Cinnamon Herb Notes / Side Effects

Latin Name: Cinnamomum zeylanicum, Cinamomum saigonicum

Common Names: Saigon cinnamon, Ceylon cinnamon, Dalcini, Gui, Twak, Yueh-kuei

Properties: Alterative, analgesic, anodyne, anti-bacterial, anti-fungal, anti-infective, anti-oxidant, anti-parasitic, anti-septic, astringent, carminative, diaphoretic, emmenagogue, haemostatic, hypotensive, sedative, stimulates and then depresses the nervous system, stomachic.

Indicated for: Abdominal Pain, arthritis, asthma, backaches, bloating, bronchitis, candida, cholera, cold or flu with chilliness, aching, sweating but cold skin, constipation, coronary problems, diarrhea, digestive irritation, dysmenorrhea, excessive menstruation, fevers, flatulence, gastric disorders, haemorrhoids, hypertension, indigestion, nausea, nephritis, parasites, passive gastric/pulmonary/intestinal/renal bleeding, psoriasis, stomach upset, vomiting, warts.

Cinnamon bark is generally safe to use in medicinal amounts, but allergic skin rashes or mucous membrane reactions are possible.
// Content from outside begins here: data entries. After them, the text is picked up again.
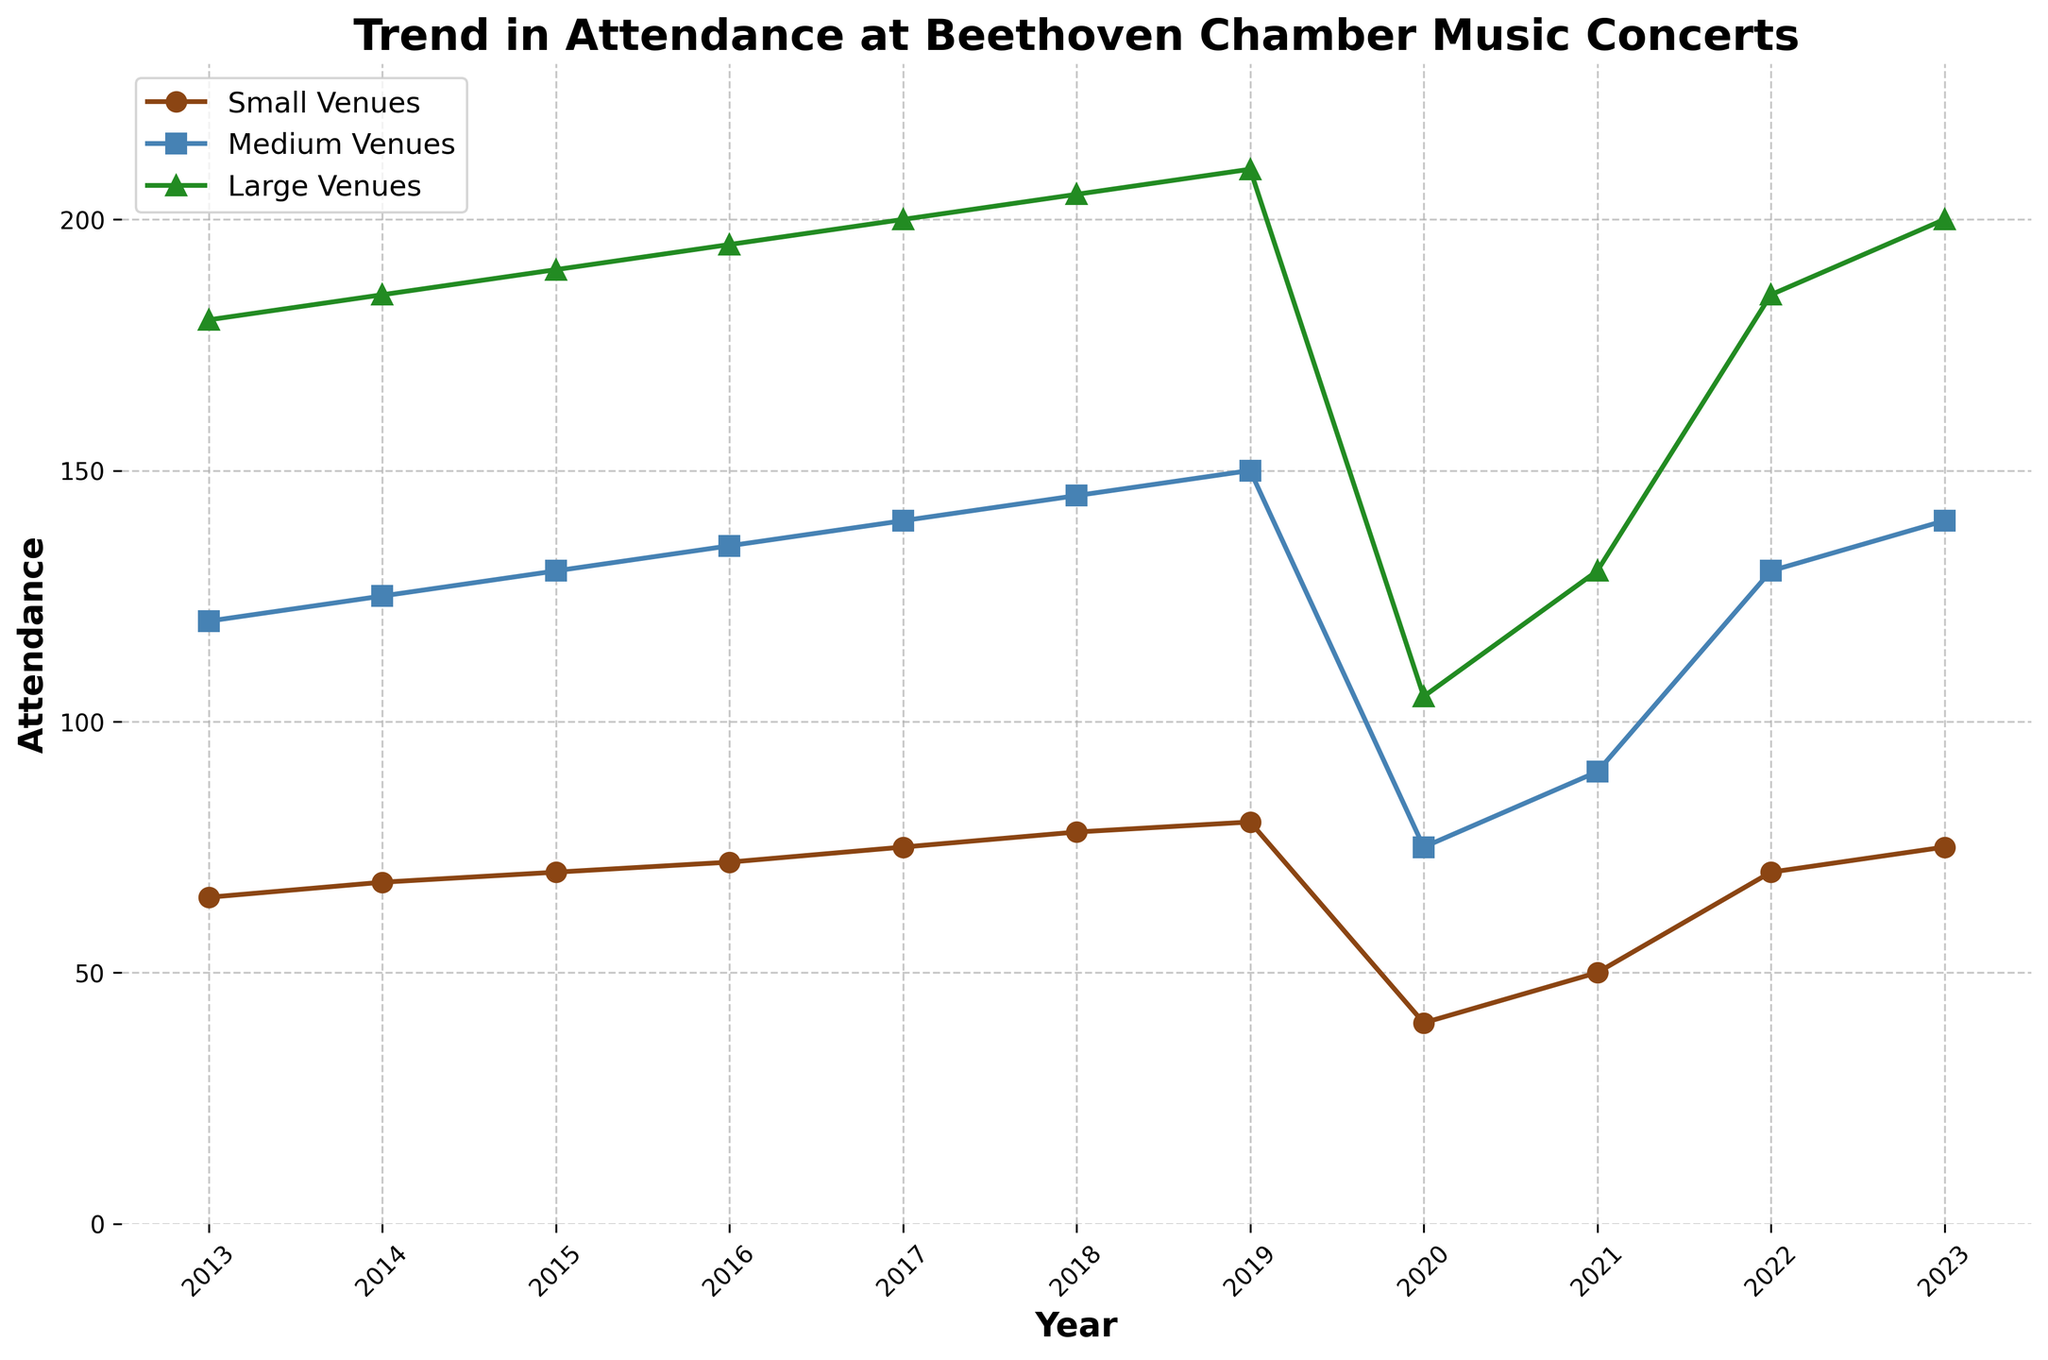Which year had the lowest attendance for large venues? To find the year with the lowest attendance for large venues, look at the line representing large venues and identify the year with the lowest point. The lowest attendance for large venues was in 2020.
Answer: 2020 What was the attendance in medium venues in 2016? Locate the year 2016 on the horizontal axis and follow it until it intersects with the line representing medium venues. The attendance was 135 in 2016.
Answer: 135 How much did attendance in small venues increase from 2013 to 2023? Subtract the attendance in small venues in 2013 from the attendance in 2023: 75 - 65 = 10.
Answer: 10 Which year saw the largest drop in attendance for small venues? Look for the steepest decline in the line representing small venues. The largest drop occurred between 2019 and 2020, from 80 to 40.
Answer: 2020 Compare the attendance in large venues in 2021 with that in medium venues in 2014. Which was higher? Compare the two attendance values: For large venues in 2021, it is 130; for medium venues in 2014, it is 125. Attendance was higher in large venues in 2021.
Answer: Large venues in 2021 In which year did all venues see an increase in attendance compared to the previous year? Check the lines for all venues to find a year where each line shows an upward trend. The year 2023 had increases in attendance for all venues compared to 2022.
Answer: 2023 What is the total attendance for medium venues across all years shown? Sum the attendance values for medium venues from 2013 to 2023: 120 + 125 + 130 + 135 + 140 + 145 + 150 + 75 + 90 + 130 + 140 = 1280.
Answer: 1280 How did the attendance in medium venues change between 2020 and 2021 in percentage terms? Calculate the percentage change: ((90 - 75) / 75) * 100 = 20%. The attendance increased by 20%.
Answer: 20% Is the trend in attendance for large venues linear over the entire period? A linear trend would show a straight-line progression. The line for large venues shows a noticeable decline in 2020, indicating that the trend is not linear over the entire period.
Answer: No 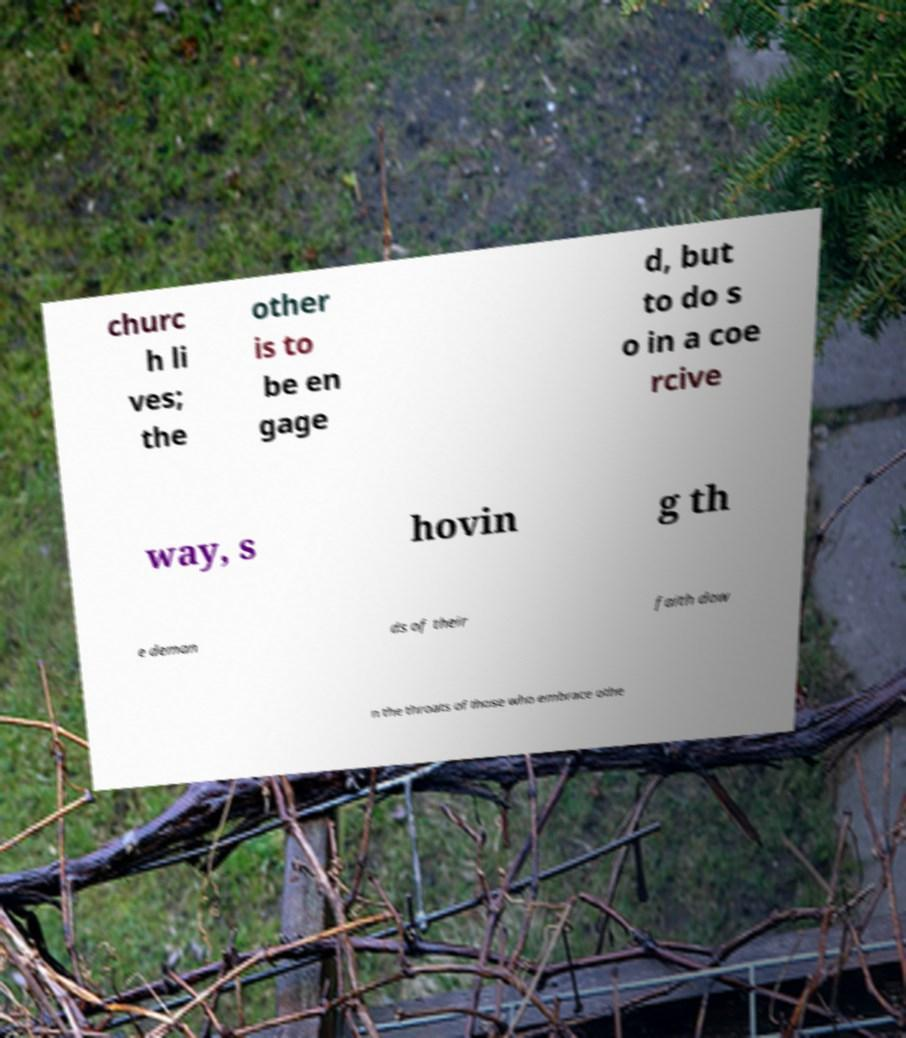Can you accurately transcribe the text from the provided image for me? churc h li ves; the other is to be en gage d, but to do s o in a coe rcive way, s hovin g th e deman ds of their faith dow n the throats of those who embrace othe 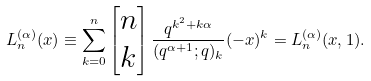<formula> <loc_0><loc_0><loc_500><loc_500>L _ { n } ^ { ( \alpha ) } ( x ) \equiv \sum _ { k = 0 } ^ { n } \begin{bmatrix} n \\ k \end{bmatrix} \frac { q ^ { k ^ { 2 } + k \alpha } } { ( q ^ { \alpha + 1 } ; q ) _ { k } } ( - x ) ^ { k } = L _ { n } ^ { ( \alpha ) } ( x , 1 ) .</formula>

Spice workers have occasionally developed asthma and some people have had allergic reactions to cinnamon chewing gum. Very large amounts of cinnamon bark could cause dangerous nervous system reactions.

Do not use:

during pregnancy due to cinnamon’s emmenagogic effect.

if you suffer from stomach or intestinal ulcers due to the carminative effect.